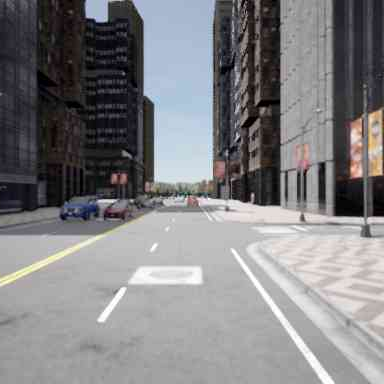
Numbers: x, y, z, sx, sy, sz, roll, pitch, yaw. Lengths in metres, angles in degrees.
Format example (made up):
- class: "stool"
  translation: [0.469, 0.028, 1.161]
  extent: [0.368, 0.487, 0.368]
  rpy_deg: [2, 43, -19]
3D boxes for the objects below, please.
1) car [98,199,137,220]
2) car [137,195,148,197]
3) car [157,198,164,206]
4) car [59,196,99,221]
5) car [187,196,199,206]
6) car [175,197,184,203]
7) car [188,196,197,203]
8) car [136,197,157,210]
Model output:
- class: "car"
  translation: [-6.570, 1.662, 29.947]
  extent: [1.882, 1.535, 5.008]
  rpy_deg: [0, 0, 0]
- class: "car"
  translation: [-9.705, 1.564, 64.410]
  extent: [2.150, 2.045, 5.566]
  rpy_deg: [0, 0, 0]
- class: "car"
  translation: [-6.463, 1.864, 63.434]
  extent: [1.812, 1.442, 4.674]
  rpy_deg: [0, 0, 1]
- class: "car"
  translation: [-9.821, 1.401, 29.649]
  extent: [2.150, 2.045, 5.566]
  rpy_deg: [0, 0, 0]
- class: "car"
  translation: [0.159, 1.690, 63.253]
  extent: [2.097, 1.767, 4.553]
  rpy_deg: [0, 0, 0]
- class: "car"
  translation: [-3.175, 2.016, 82.047]
  extent: [1.895, 1.301, 4.718]
  rpy_deg: [0, 0, 0]
- class: "car"
  translation: [0.075, 1.776, 81.985]
  extent: [2.097, 1.767, 4.553]
  rpy_deg: [0, 0, 0]
- class: "car"
  translation: [-6.535, 1.830, 47.234]
  extent: [1.994, 1.385, 4.181]
  rpy_deg: [0, 0, 0]
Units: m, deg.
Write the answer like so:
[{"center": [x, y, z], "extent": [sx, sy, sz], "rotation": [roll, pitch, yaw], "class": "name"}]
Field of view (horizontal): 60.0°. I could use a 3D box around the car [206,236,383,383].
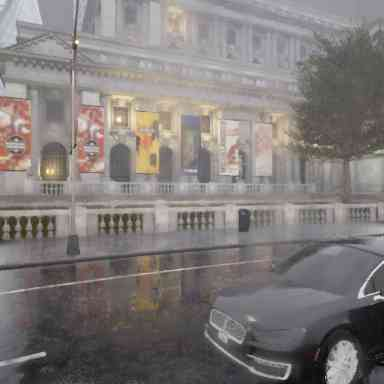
[{"center": [2.537, 1.505, 5.114], "extent": [4.892, 1.490, 1.837], "rotation": [0, 0, -27], "class": "car"}]
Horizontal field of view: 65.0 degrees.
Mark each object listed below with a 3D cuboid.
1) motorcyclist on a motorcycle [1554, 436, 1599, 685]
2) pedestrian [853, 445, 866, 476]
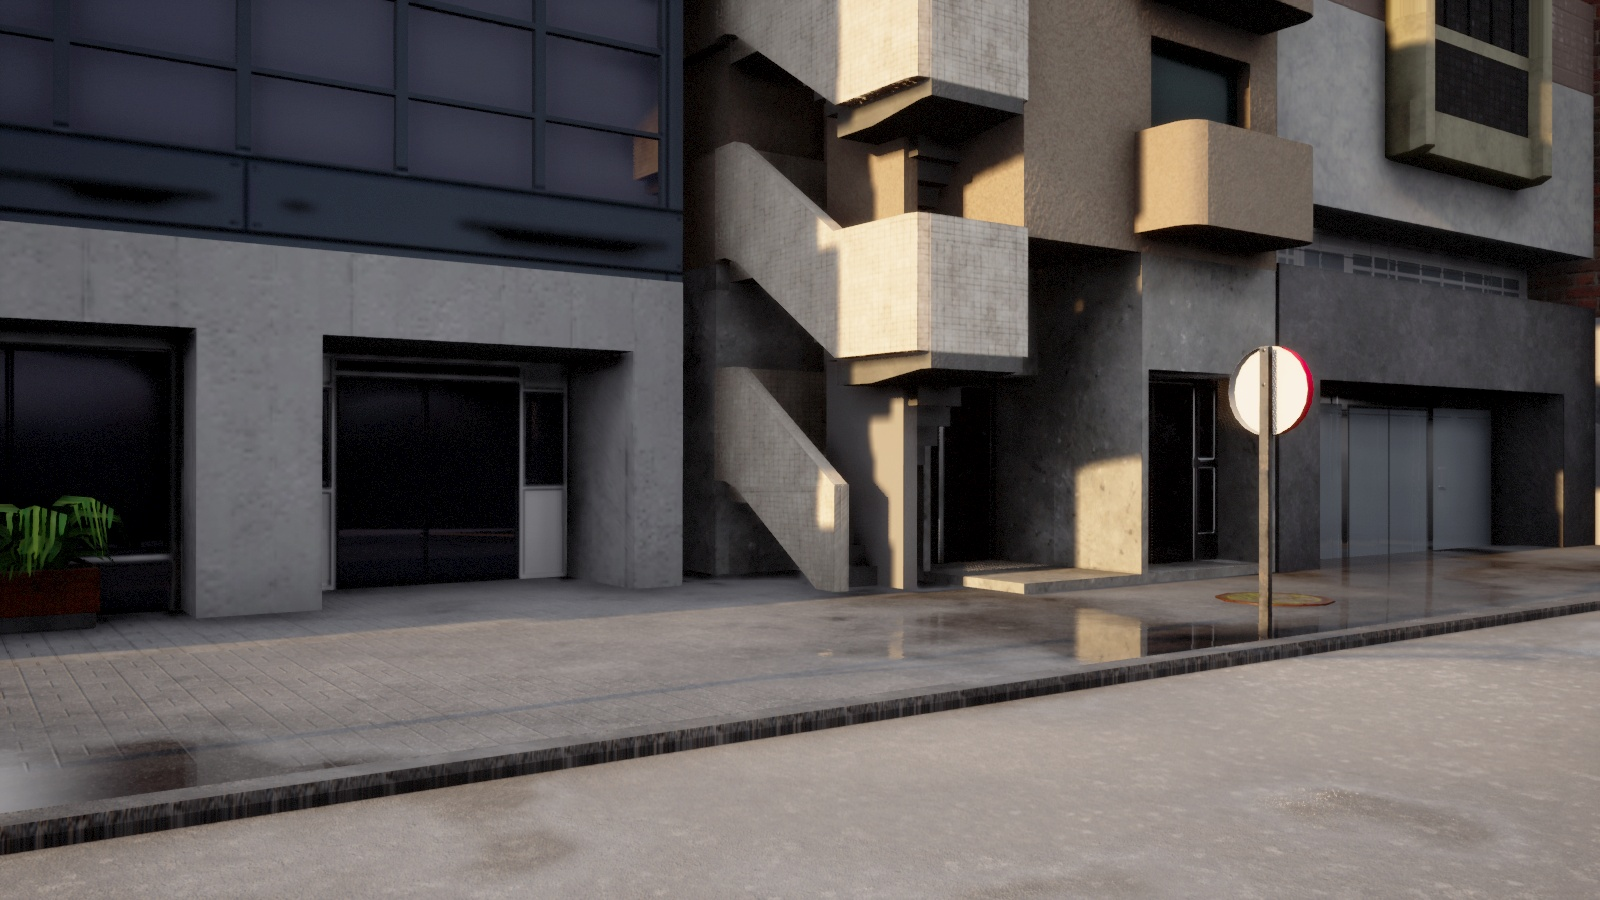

§ **WORK TO BE COMPLETED**: Copy out, from the data above, each line where the string "pitch" is present.

§ **RESPONSE AREA**:
Numbers: x, y, z, sx, sy, sz, roll, pitch, yaw. Lengths in metres, angles in degrees.
[{"center": [x, y, z], "extent": [sx, sy, sz], "rotation": [roll, pitch, yaw], "class": "name"}]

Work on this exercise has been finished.